AirHelp is a claims management company that promotes and enforces air passenger rights in cases of flight disruptions globally. Its online service helps air passengers get compensation from airlines when their flight gets canceled, delayed, or overbooked. AirHelp is also known for publishing annual rankings of airports and airlines.

The company was founded by Henrik Zillmer, Nicolas Michaelsen and Greg Roodt in 2013. Its operation is mainly based on European Regulation No 261/2004 under which passengers in the EU are entitled to compensation in the event of denied boarding, cancellation, or a long delay of flights. Since 2020, AirHelp has broadened its service and supports passengers in Europe, US, Canada, Brazil, Turkey and Asia.

Services 
AirHelp also helps passengers under the clauses of Regulation (EC) No. 261/2004 and other local Air Passenger Rights regulations, such as UK261 in UK, ANAC 400 in Brazil, Air Passenger Protection Regulations in Canada and Turkey, and Montreal Convention in US. It determines the eligibility of individual travelers through a web form and an app for Android and iOS devices.

The initial assessment of cases is offered as a free service. If the firm considers that users are entitled to compensation, users may commission the company to pursue their claim in exchange for a success-based fee. AirHelp has reportedly helped over 10 million passengers globally.

In cases in which an airline rejects an out-of-court settlement, AirHelp, together with its partners, takes legal action. On several occasions, this activity has prompted courts to clarify previously disputed legal questions regarding passenger rights.

To substantiate claims against airlines, AirHelp compiles information from multiple databases to reconstruct the circumstances of flight disruptions in question. The company's former CEO Zillmer states that their use of AI technology enables the company to cross-check passengers' eligibility for compensation against the excuse of weather conditions that airlines often use to reject claims. The company's co-founder Nicolas Michaelsen has also stated that airlines have to offer proof when flights are disrupted due to weather.

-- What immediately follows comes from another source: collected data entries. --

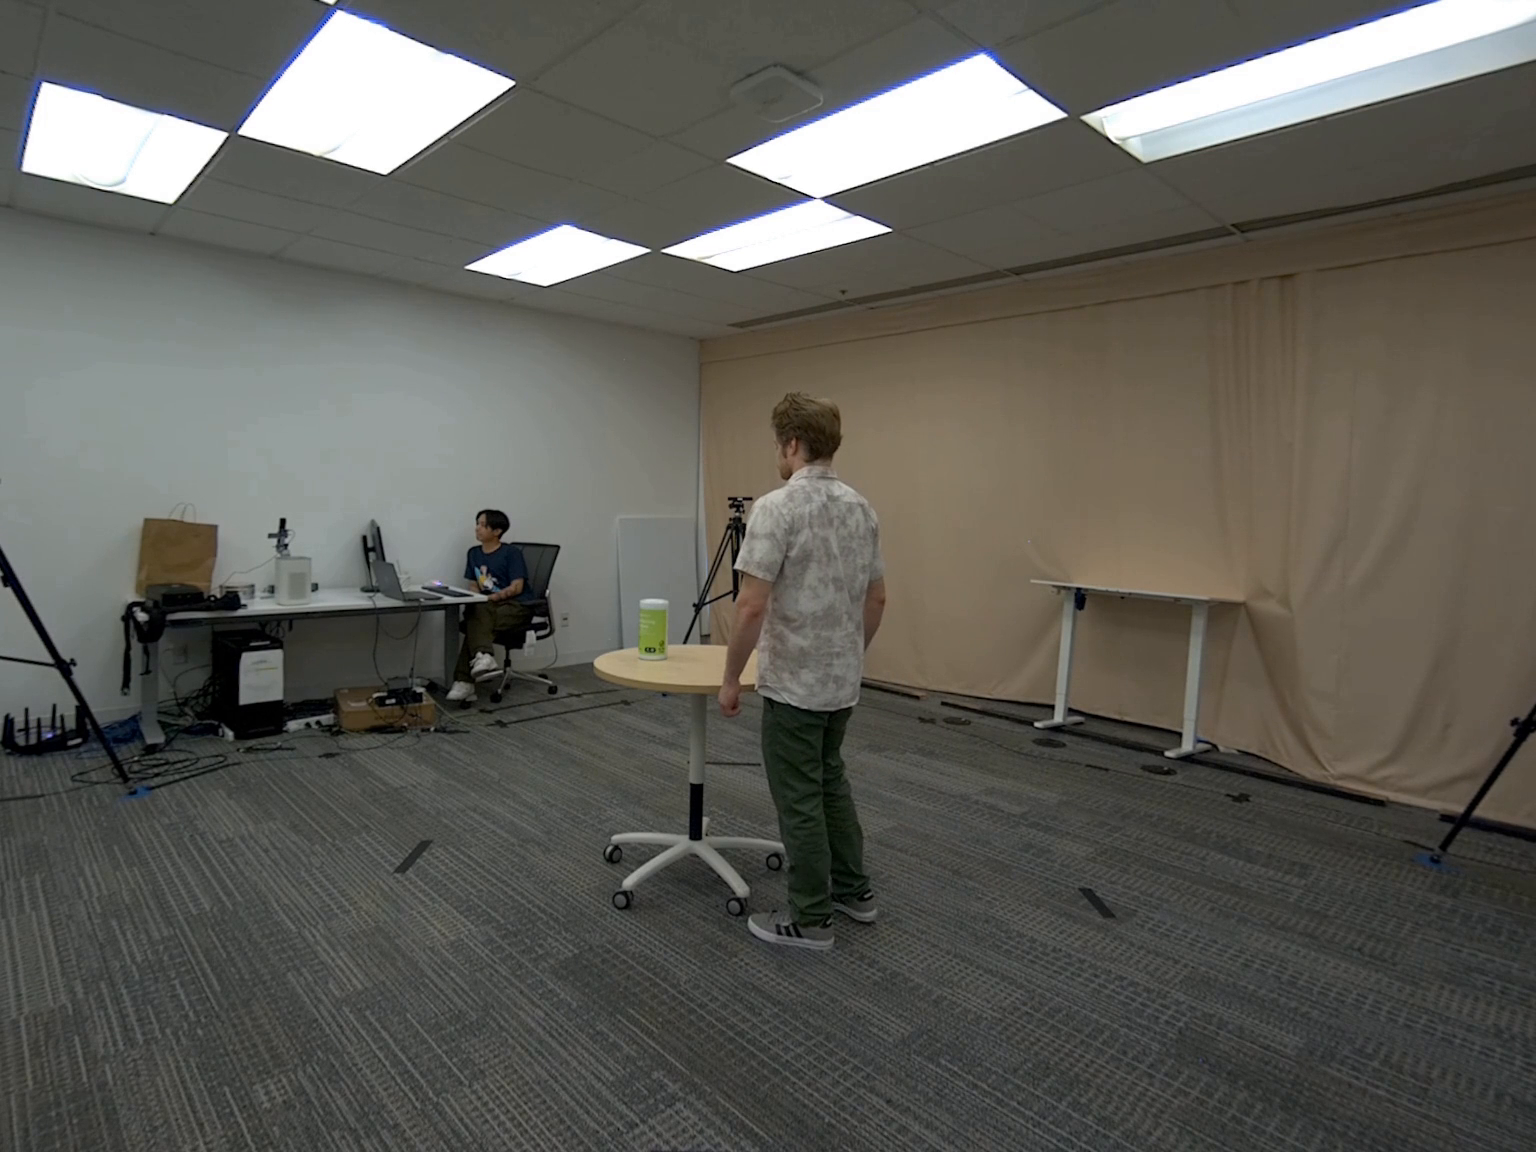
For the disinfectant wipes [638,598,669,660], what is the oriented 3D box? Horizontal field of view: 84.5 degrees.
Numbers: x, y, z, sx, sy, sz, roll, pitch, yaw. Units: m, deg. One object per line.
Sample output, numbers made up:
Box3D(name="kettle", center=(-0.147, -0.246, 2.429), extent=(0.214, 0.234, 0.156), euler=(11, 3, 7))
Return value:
Box3D(name="disinfectant wipes", center=(-0.430, 0.199, 3.121), extent=(0.118, 0.217, 0.118), euler=(2, 2, -1))

In February 2019, the company added two new bots to their existing bots "Herman" and "Lara": the new bot dubbed "AgA" reviews all claims coming into the AirHelp website and app, whereas the other bot "Docky" automatically requests additional travel documentation that may be needed for a decision to be reached.

Criticism
The company has been criticized for a lack of transparency regarding its collaborations with travel agencies and for openly stating that it treats flight disruptions as business opportunities to attract partnerships. In response to the accusation that AirHelp and other companies in the field of flight compensation management are making a business out of something that a traveler is entitled to for free, its former CEO Henrik Zillmer has said that airlines make it difficult for passengers to know their rights and claim for compensation.

Although most passengers seem to be satisfied with AirHelp's services, some aviation authorities have warned it may lead to fare increases.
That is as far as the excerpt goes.